I have a table with the structure below.
trans_count
start_time, end_time, count
00:00:01 00:00:10 1000
00:00:11 00:00:20 800
Spark listens for events from Kafka and does a grouping for 10 seconds and will have to insert to Phoenix hbase table.
After 10 seconds, i have to first check if the start_time,end_time combination is in the table. If it is there, we have to take the existing count and add the new count and upsert it again.
UPSERT INTO trans_count(start_time, end_time, count) SELECT start_time, end_time, count? FROM trans_count WHERE start_time = ? AND end_time = ?
If no rows upserted in the above statement, then simply upsert the data.
In Apache Storm, i was able to create a Phoenix Connection object in the configure method and was able to use the same connection once every 10 seconds to UPSERT.
In Spark, I could not create a connection object and use the same object for every Object in the RDD. My output from spark will be a JavaDStream> where start_time, end_time, count are all keys in the Map.

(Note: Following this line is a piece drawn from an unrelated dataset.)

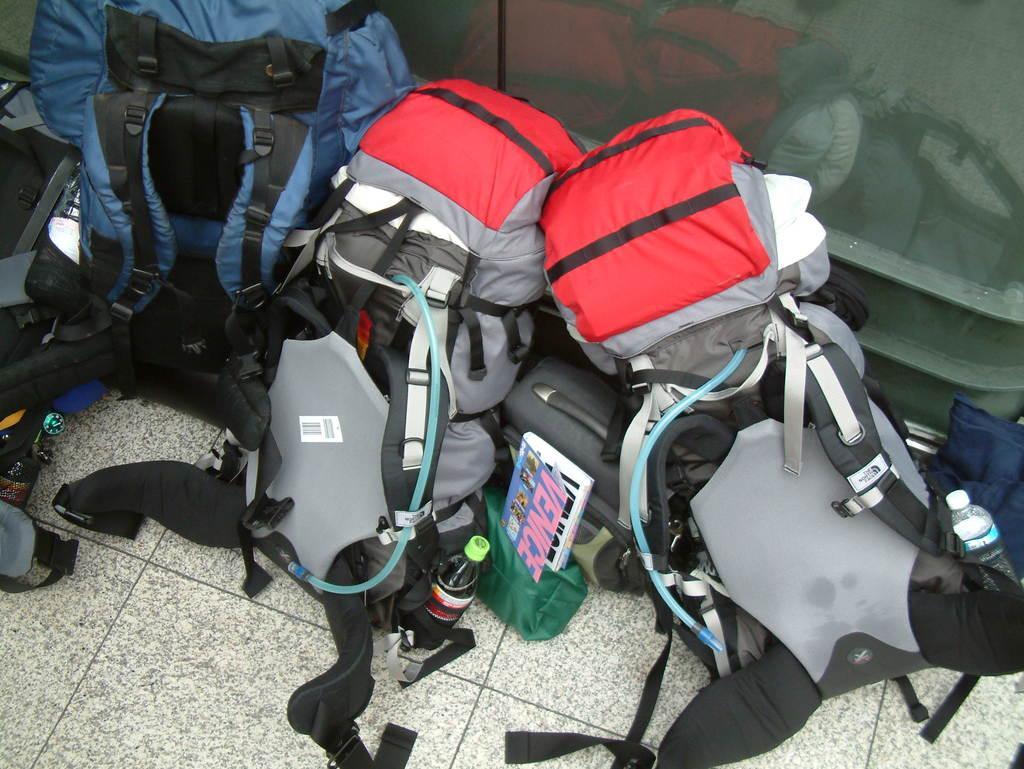Can you describe this image briefly? As we can see in the image there are travelling bags which are kept on the ground.

I end up creating a connection object for every iteration of RDD, which i feel is not the right way. I have read that Phoenix connections are light weight but creating a connection object for every RDD seems to be not the right way.
I read some blogs about related stuff, but could not getting this going. Kindly help.
NOTE : The appliation is built in JAVA.
Solution:
Instead of creating a connection per objectin RDD, Create a connection per partition in the RDD and use that for all the objects.